Most of us understand love in a narrow, wishful thinking and never out of the context of family or sexual relationships, while the emotion is mixed with possessiveness, egotism, appeasement, dependence, etc. Love is one of the most talked about subjects in the world, and one of the hardest to figure out.It inspires artists and is the foundation of a happy marriage and a happy family—loss or lack of love can fragment or affect the normal development of a personality. Most of us have a narrow, wishful thinking about love, never divorced from the perspective of family or sexual relationship, and this emotion is mixed with possessiveness, ego, appeasement, dependence, etc.

Only recently has love been characterized as a serious scientific subject.Now, the situation has changed.Many psychologists, doctors, and scientists began to devote a lot of energy to thinking and studying the problem of "love" as a basic human need and as a source of unexplored power to affect human affairs.In light of this discovery, we will have to revise and expand some of our traditional ideas about love. What is the relationship between love and maturity?Dr. Rollo May replied in this way.In his recent book "Man's Self-Seeking", he said: "The ability to give and receive mature love is the standard to measure whether a person has a complete personality."

Dr. May also concluded that most people fall short of this standard, and that the average person's understanding of love is ambiguous and naive. For example, if a woman devotes her whole life to her husband and children, so that she is completely cut off from everything in the world, her possessiveness is stronger than her love.The true meaning of love is not a limitation, but an extension.A man who adores women so much that he can't find any other women to compare him to is not a specimen of a "loving" man - he is a typical example of restricted emotional development and forcing himself to stay in a babyhood and maintain a dependent mentality .Attachment is not love.

Perhaps it is easier to understand what is not love first, and then to understand the kind of maturity that makes the personality perfect. First of all, love is not the same thing as a movie date scene, a rose-and-champagne romance, or a writer’s passion for sexual exploitation.Love is not just for the young and beautiful. Dr. Abraham Stone, a urologist and president of the American Association of Marriage Counselors, guided us: What we call "I love" mostly means "I want", "I long to have", "I get satisfaction from... ”, “I take advantage of”, and even “I am deeply guilty”.Scientists call this "false love."
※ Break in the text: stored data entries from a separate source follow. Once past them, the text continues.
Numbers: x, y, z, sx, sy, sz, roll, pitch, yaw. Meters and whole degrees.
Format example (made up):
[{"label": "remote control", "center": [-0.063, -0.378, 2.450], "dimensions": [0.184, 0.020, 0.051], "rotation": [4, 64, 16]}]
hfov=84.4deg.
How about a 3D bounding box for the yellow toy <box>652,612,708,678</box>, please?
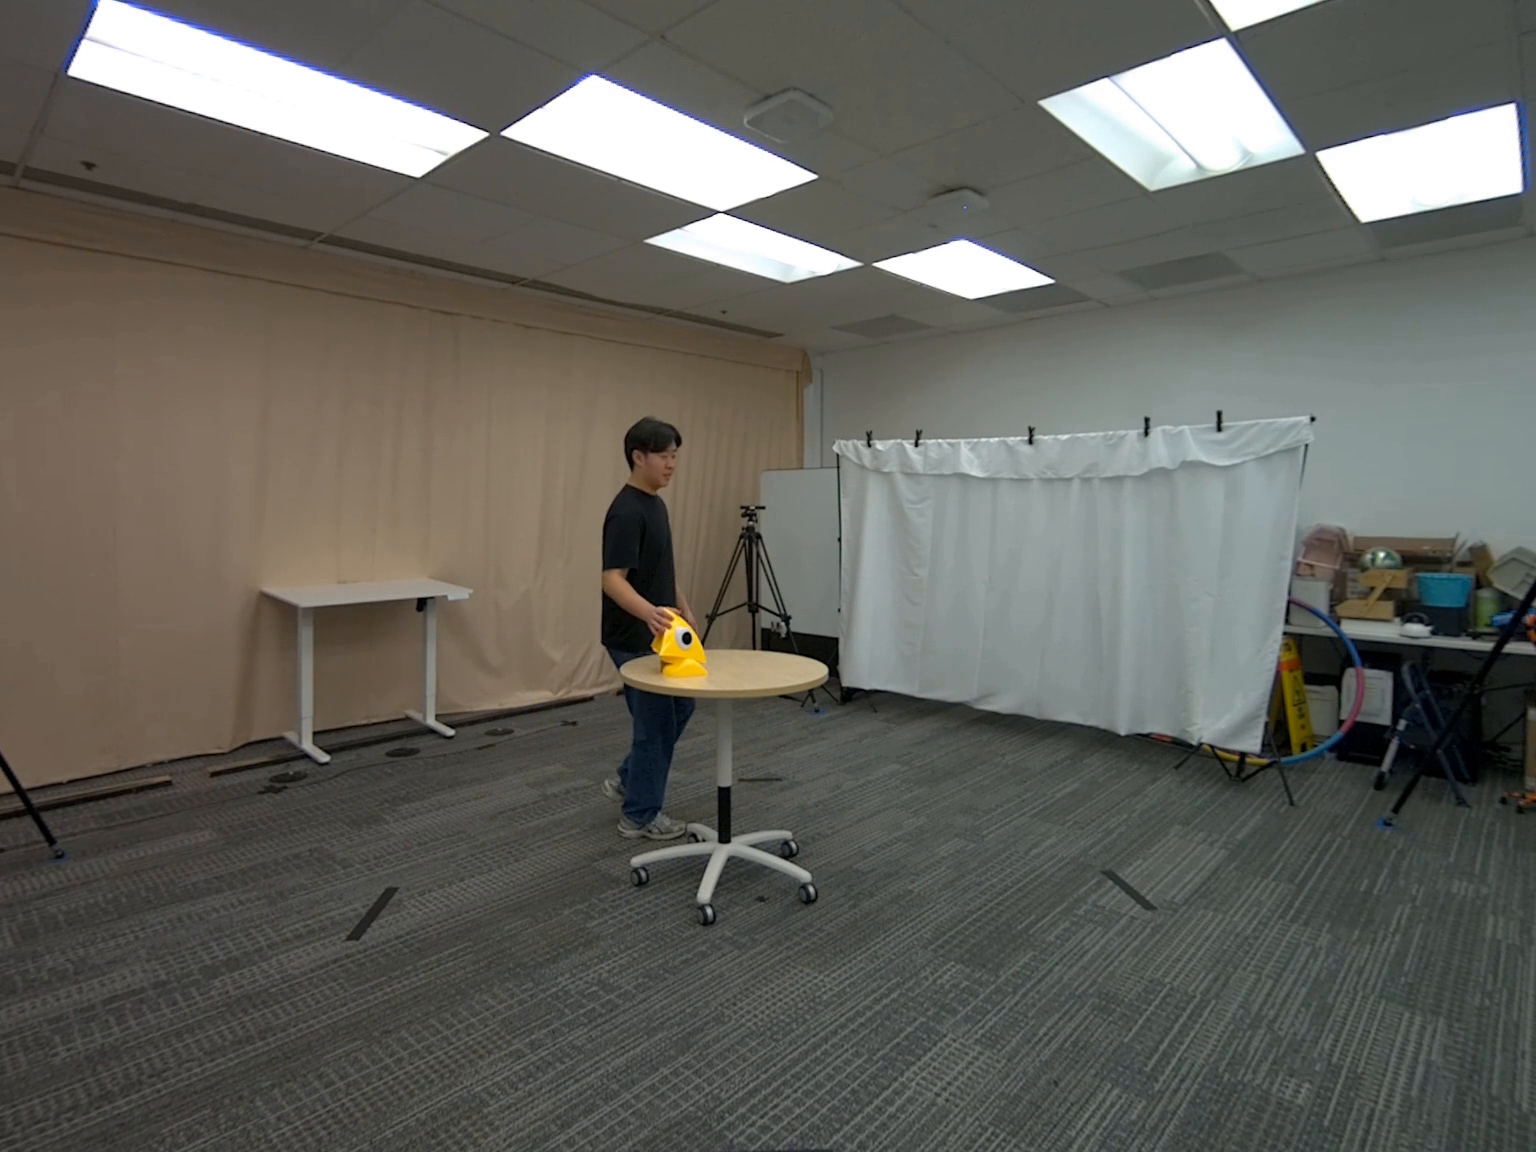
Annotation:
[{"label": "yellow toy", "center": [-0.309, 0.229, 3.032], "dimensions": [0.190, 0.230, 0.208], "rotation": [-2, 4, -15]}]

Many parents use "love" as an excuse to indulge their children.In fact, they are just spoiling, which is not conducive to the growth of children.The Children's Village in Dubspoke, New York, has been working to retrain troubled children who need guidance."Every day we address instances where parents do harm by confusing 'love' with 'appeasement,'" said Harold P. Stallone, the agency's director. The concept of mature love is the concept of "love your neighbor as yourself" as Jesus said, and it is also Plato's interpretation of love in "Dialogues"-starting from the relationship with one person and extending to all mankind and the entire universe .Whether it is between a husband and wife, between a parent and a child, or between an individual and all mankind, the element of love remains the same.

True love among human beings does not hinder human growth, it affirms other aspects of human personality and promotes its growth and development. I know a lot of parents who are constantly resentful about their daughter's marriage because the daughter is trying to marry somewhere far away.I remember a mother who lamented: "Why can't Jane find a local boy to marry? We can see her often. We fought for her all my life, but she rewarded us by marrying a man who took her thousands of miles away. People who go to other places!" She'll be surprised if you say she's not loving her daughter.She was confusing possession and self-gratification with love.

The true meaning of love is not to cling to the person you love, but to let him go.A mature man takes no one's affections. He sets the one he loves free as he sets himself free.It is like any other creative force, love exists in freedom. Author Priscilla Robertson defined love in The Harper magazine: "Love is giving the person you love what they need, for him and not for yourself. Think about how others take what you have How you feel when something you need is given to you. Love involves giving children the independence they need, not the exploitation and tyranny of so-called 'paternalism'. Love involves relationships, but not the frenzied pursuit of ego or youth My definition also includes the few people you give to who ever taught you who you are and what you can become - teachers and friends. It also includes kindness - to all human beings It is not to throw a stone at a man who needs bread, nor to give him bread when he needs understanding.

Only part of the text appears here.